Task instructions. Repeat exactly the lines of the entries below from the one with "Offer a very short reply. -1.24e+09." through the one with "Give a very brief answer. -2.17e+07.", both ends included, and nothing else.

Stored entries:

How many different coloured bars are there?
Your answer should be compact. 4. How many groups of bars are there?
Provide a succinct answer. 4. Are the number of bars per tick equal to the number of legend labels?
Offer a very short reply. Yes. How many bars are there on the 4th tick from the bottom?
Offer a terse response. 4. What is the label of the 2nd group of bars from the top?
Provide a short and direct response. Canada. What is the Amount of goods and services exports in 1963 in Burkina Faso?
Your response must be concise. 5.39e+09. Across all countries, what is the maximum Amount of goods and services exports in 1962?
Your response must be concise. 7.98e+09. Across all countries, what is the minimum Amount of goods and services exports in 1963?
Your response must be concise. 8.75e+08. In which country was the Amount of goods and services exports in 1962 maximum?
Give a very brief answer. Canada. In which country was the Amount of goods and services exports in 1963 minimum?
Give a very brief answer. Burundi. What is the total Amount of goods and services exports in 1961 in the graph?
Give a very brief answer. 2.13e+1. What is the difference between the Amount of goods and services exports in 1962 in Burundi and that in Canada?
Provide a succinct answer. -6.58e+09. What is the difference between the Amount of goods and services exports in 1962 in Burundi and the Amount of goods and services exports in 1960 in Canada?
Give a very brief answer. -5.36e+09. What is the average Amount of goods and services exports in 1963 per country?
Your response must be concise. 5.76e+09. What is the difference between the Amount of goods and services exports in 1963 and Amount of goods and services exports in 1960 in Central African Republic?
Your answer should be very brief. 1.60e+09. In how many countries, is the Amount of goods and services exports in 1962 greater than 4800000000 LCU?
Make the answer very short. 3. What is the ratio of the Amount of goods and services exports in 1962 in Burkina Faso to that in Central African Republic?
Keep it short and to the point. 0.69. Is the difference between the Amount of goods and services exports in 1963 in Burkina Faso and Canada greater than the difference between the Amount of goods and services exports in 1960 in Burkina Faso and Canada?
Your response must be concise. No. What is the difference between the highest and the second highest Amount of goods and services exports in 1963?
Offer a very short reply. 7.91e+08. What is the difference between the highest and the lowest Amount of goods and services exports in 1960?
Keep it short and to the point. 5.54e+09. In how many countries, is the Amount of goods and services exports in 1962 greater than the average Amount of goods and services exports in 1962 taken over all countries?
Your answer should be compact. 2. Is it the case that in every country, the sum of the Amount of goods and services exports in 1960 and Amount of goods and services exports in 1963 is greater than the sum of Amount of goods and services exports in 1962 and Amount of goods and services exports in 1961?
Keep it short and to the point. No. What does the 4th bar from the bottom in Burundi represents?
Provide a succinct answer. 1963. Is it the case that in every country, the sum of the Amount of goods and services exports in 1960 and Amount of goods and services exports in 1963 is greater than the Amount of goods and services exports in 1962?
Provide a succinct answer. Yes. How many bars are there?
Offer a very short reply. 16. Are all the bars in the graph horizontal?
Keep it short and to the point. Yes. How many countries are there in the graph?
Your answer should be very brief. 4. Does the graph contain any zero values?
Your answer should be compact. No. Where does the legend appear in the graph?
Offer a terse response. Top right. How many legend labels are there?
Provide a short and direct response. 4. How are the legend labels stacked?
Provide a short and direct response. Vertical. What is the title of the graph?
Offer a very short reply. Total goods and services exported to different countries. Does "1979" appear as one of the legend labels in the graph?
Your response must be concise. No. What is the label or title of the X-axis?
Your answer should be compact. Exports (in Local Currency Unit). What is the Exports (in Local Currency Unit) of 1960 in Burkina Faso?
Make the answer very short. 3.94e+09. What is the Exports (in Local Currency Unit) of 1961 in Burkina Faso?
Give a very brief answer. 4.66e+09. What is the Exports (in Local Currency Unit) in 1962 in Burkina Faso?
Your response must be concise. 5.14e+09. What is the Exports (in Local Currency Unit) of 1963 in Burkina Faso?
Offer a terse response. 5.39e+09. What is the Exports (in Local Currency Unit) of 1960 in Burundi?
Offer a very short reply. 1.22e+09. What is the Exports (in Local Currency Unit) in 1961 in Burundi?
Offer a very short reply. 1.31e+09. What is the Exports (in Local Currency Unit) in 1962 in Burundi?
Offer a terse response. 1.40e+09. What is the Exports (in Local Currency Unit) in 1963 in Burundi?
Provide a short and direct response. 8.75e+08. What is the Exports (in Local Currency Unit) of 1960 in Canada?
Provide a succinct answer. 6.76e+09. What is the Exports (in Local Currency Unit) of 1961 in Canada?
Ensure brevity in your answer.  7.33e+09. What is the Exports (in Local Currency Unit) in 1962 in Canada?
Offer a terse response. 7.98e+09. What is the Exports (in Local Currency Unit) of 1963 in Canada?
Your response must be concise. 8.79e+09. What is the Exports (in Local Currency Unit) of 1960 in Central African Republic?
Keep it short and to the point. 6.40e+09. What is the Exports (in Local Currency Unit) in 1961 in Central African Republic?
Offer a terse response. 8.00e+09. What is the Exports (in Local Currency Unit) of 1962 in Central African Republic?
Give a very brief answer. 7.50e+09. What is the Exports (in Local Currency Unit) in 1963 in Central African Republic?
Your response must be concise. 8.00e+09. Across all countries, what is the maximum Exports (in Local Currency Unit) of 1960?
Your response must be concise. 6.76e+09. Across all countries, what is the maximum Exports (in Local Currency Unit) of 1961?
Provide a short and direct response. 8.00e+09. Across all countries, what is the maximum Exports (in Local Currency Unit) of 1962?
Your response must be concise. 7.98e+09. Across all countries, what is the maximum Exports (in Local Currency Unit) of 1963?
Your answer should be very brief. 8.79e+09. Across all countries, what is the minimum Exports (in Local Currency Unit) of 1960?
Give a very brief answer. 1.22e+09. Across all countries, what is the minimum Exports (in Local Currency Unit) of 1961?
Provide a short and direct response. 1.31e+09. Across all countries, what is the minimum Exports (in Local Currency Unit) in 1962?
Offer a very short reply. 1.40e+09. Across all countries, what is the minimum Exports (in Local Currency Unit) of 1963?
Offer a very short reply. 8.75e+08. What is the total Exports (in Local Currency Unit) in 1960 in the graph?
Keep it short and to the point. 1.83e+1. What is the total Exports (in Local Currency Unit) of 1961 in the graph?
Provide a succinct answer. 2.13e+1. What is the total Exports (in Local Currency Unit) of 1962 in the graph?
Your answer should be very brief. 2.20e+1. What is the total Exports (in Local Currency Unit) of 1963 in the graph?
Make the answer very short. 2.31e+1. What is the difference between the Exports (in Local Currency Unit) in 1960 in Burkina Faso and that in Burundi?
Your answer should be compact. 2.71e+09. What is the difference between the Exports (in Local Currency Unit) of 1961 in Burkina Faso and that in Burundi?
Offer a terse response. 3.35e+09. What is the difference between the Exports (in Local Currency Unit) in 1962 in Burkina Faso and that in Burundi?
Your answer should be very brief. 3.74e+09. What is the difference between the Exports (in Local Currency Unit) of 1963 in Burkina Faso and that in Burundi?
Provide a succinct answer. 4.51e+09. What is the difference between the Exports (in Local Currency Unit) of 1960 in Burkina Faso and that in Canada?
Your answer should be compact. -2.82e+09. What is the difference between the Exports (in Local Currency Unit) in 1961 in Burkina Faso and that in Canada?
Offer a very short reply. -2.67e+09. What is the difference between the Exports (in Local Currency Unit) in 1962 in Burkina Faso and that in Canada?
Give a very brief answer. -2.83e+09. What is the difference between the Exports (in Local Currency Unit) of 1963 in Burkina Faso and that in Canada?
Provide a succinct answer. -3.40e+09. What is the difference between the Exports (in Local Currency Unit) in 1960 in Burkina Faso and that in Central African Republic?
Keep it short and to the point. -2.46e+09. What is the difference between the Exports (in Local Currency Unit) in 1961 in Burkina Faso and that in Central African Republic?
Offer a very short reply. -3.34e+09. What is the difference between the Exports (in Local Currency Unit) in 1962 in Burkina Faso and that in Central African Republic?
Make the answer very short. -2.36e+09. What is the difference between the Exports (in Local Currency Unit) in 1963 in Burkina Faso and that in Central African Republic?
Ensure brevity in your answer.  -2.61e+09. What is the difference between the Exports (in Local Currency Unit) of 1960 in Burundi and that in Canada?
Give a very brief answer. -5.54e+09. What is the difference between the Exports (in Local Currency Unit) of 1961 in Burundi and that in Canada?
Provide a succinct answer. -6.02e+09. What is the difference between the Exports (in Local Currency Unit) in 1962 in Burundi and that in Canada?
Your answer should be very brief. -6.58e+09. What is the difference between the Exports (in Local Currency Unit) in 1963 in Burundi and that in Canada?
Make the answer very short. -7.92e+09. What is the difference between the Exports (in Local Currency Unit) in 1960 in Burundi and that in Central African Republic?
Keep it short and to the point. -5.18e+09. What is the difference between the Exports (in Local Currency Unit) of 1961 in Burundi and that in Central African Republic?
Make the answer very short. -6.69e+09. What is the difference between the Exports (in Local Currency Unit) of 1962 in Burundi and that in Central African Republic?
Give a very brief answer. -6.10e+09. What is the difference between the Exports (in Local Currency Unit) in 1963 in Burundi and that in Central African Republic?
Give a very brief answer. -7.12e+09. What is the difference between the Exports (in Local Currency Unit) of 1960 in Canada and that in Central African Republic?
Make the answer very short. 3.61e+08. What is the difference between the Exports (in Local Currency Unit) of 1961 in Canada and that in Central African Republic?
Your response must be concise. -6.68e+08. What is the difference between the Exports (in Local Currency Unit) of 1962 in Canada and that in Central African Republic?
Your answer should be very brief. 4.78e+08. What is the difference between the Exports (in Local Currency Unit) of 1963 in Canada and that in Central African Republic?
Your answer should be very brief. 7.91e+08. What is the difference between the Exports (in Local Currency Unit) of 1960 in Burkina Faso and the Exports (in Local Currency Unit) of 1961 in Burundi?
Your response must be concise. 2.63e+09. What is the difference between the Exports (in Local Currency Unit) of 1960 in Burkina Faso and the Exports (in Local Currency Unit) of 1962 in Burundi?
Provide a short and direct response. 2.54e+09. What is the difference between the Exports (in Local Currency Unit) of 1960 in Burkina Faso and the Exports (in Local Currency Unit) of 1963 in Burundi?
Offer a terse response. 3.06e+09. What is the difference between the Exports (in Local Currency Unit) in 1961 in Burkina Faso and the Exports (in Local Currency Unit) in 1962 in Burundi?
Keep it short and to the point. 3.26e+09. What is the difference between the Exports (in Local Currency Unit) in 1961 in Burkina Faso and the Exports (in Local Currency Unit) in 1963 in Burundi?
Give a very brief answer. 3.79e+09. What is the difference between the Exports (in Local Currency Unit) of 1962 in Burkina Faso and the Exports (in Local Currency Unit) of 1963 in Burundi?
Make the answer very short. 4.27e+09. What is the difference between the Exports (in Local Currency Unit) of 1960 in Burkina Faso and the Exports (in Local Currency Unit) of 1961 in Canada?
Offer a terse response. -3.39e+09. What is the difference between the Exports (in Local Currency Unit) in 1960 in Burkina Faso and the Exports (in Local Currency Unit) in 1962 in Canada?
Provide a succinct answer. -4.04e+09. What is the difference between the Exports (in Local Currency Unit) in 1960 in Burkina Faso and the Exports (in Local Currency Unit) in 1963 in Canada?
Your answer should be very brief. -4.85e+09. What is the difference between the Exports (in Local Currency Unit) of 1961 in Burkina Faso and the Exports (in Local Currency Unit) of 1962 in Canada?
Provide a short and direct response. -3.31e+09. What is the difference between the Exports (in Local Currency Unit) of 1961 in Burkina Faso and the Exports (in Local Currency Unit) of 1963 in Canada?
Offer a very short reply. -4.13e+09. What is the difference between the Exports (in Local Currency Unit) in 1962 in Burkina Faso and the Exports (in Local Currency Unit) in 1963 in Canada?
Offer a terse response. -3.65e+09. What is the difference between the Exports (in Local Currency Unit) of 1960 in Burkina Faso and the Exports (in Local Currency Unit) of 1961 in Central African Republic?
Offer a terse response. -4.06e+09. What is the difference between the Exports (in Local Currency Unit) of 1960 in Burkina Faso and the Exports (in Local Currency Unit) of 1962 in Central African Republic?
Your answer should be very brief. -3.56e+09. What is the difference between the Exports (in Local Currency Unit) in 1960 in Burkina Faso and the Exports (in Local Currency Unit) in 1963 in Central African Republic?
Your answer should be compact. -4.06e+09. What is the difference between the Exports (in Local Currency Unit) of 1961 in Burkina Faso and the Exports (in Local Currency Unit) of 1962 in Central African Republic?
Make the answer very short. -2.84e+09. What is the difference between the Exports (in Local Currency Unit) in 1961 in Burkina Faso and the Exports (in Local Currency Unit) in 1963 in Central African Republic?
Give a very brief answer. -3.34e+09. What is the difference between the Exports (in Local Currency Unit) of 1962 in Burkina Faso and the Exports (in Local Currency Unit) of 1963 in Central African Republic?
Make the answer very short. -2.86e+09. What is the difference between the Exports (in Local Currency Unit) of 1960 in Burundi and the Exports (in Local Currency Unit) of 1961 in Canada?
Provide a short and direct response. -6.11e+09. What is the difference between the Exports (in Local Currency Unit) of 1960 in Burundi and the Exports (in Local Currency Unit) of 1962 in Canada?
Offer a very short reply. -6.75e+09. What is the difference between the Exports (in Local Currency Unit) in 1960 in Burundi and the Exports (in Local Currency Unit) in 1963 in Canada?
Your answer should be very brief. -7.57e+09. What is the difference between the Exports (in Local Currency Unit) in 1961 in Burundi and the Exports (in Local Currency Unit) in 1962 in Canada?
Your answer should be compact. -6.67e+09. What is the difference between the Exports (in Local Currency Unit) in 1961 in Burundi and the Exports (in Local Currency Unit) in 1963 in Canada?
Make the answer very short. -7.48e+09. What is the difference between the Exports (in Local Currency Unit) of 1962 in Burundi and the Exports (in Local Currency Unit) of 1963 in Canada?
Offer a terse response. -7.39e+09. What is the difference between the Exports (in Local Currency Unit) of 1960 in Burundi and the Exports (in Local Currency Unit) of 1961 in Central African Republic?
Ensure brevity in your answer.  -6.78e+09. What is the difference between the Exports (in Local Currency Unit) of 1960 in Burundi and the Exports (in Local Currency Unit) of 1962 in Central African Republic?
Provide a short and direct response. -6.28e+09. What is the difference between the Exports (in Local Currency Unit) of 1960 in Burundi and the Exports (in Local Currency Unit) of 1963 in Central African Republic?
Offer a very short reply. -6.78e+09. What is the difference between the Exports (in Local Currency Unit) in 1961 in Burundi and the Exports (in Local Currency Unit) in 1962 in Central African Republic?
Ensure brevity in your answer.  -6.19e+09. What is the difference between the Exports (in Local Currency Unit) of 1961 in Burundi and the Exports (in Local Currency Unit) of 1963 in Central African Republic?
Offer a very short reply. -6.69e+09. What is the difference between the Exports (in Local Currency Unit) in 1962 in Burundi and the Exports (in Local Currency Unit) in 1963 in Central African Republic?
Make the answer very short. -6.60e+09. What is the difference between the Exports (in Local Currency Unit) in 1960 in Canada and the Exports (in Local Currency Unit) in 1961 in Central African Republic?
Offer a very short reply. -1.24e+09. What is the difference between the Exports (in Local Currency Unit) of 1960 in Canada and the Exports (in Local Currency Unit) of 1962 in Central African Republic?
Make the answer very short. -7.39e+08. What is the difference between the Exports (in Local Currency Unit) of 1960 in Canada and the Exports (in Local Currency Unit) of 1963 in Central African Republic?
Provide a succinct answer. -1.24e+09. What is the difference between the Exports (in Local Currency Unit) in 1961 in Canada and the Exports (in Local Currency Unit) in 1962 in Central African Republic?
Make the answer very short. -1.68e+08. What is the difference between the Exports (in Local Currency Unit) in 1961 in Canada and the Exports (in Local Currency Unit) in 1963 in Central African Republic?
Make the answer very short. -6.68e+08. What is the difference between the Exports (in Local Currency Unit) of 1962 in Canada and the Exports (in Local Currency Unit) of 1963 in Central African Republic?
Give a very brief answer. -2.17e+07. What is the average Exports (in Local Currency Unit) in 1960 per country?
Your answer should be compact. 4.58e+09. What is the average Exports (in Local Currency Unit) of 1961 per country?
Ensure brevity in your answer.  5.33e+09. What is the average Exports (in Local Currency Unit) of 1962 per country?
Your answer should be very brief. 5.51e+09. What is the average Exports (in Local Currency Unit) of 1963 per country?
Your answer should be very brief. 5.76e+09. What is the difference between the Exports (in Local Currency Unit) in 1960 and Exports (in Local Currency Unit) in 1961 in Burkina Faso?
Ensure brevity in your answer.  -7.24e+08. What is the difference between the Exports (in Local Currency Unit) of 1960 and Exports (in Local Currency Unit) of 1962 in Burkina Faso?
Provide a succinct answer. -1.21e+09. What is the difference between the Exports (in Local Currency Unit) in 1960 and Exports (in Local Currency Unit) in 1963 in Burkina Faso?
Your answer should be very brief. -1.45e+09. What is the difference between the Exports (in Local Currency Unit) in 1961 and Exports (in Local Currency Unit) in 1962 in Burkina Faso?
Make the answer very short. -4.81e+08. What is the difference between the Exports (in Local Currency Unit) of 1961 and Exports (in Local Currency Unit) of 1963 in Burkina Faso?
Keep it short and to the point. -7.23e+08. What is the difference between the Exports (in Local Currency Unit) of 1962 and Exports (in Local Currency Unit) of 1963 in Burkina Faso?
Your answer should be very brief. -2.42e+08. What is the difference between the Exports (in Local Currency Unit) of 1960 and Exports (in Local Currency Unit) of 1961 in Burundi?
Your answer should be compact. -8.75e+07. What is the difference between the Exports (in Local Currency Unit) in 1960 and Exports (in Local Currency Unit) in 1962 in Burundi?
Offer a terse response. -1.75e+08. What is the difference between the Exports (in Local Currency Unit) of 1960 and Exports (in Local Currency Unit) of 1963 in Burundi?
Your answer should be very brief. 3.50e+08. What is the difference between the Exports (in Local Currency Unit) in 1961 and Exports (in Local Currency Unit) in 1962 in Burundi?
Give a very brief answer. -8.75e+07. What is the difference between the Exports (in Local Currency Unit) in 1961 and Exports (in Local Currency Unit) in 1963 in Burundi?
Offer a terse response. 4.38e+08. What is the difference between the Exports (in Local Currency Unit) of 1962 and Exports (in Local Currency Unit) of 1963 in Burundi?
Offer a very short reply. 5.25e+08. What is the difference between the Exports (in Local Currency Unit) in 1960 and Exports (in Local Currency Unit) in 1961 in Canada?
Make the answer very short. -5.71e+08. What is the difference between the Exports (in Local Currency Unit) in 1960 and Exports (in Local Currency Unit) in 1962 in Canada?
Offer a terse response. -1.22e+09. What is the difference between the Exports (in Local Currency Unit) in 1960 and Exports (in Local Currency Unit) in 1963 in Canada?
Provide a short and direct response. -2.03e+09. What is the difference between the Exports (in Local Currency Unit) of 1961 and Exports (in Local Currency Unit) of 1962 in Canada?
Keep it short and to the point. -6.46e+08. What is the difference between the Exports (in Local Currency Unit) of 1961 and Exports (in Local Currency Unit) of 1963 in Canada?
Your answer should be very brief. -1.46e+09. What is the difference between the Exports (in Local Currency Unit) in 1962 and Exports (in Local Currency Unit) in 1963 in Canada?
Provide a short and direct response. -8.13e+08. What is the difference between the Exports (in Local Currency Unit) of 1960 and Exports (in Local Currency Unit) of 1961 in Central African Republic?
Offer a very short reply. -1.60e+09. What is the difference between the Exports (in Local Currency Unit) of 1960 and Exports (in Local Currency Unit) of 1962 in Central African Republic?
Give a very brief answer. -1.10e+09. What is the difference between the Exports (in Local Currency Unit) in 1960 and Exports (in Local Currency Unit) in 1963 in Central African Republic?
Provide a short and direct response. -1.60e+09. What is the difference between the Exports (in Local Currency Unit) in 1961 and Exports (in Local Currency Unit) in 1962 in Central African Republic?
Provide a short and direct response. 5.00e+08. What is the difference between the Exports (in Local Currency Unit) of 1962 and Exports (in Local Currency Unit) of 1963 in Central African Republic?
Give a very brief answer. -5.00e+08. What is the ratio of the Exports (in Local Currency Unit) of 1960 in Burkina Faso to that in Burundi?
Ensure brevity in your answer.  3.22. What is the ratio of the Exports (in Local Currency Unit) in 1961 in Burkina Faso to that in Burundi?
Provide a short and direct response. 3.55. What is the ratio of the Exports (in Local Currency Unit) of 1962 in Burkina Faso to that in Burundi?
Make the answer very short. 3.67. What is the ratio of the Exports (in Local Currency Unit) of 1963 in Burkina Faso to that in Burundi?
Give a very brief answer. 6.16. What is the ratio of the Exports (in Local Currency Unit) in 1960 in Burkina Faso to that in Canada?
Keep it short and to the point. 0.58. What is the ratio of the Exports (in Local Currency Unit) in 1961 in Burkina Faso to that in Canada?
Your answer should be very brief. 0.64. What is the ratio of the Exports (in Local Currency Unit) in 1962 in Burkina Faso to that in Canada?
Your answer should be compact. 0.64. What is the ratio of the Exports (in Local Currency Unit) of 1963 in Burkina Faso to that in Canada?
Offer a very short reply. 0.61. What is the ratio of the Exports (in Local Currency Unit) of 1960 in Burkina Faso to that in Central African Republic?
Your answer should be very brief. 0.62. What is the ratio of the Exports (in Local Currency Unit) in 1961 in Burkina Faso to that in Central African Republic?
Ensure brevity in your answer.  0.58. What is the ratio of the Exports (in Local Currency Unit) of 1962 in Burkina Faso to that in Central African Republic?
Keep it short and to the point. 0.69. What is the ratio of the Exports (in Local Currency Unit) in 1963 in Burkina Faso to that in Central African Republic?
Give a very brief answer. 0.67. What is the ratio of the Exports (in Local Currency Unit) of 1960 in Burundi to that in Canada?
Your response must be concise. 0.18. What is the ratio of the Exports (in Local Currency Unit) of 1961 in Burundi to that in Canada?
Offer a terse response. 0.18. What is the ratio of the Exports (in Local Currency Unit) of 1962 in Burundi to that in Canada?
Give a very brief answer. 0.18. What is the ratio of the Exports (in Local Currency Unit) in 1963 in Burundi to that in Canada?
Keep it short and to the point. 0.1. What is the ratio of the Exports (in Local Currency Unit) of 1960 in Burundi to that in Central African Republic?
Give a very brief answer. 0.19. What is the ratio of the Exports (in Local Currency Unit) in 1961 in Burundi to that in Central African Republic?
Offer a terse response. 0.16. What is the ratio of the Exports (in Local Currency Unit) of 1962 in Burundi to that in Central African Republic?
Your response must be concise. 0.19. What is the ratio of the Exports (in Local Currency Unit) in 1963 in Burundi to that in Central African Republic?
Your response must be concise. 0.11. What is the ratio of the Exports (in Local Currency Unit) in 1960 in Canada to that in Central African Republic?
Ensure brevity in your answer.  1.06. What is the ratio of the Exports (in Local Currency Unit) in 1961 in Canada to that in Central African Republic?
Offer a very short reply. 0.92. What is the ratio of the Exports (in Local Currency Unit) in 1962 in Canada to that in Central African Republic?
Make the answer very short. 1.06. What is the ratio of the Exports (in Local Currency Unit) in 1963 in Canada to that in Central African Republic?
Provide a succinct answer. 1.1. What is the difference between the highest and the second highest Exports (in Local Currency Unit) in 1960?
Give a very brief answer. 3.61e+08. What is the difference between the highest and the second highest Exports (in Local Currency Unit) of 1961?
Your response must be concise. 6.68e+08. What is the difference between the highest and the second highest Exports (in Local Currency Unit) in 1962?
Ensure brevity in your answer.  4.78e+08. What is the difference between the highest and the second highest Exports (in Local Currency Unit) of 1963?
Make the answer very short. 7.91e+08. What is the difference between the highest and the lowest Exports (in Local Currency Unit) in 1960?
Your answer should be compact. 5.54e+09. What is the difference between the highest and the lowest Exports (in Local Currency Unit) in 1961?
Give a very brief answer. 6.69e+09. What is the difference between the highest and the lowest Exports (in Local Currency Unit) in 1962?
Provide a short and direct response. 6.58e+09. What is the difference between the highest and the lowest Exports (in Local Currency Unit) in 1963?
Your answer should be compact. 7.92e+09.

Worked solution.
Offer a very short reply. -1.24e+09. What is the difference between the Exports (in Local Currency Unit) of 1960 in Canada and the Exports (in Local Currency Unit) of 1962 in Central African Republic?
Make the answer very short. -7.39e+08. What is the difference between the Exports (in Local Currency Unit) of 1960 in Canada and the Exports (in Local Currency Unit) of 1963 in Central African Republic?
Provide a succinct answer. -1.24e+09. What is the difference between the Exports (in Local Currency Unit) in 1961 in Canada and the Exports (in Local Currency Unit) in 1962 in Central African Republic?
Make the answer very short. -1.68e+08. What is the difference between the Exports (in Local Currency Unit) in 1961 in Canada and the Exports (in Local Currency Unit) in 1963 in Central African Republic?
Make the answer very short. -6.68e+08. What is the difference between the Exports (in Local Currency Unit) of 1962 in Canada and the Exports (in Local Currency Unit) of 1963 in Central African Republic?
Give a very brief answer. -2.17e+07. What is the average Exports (in Local Currency Unit) in 1960 per country?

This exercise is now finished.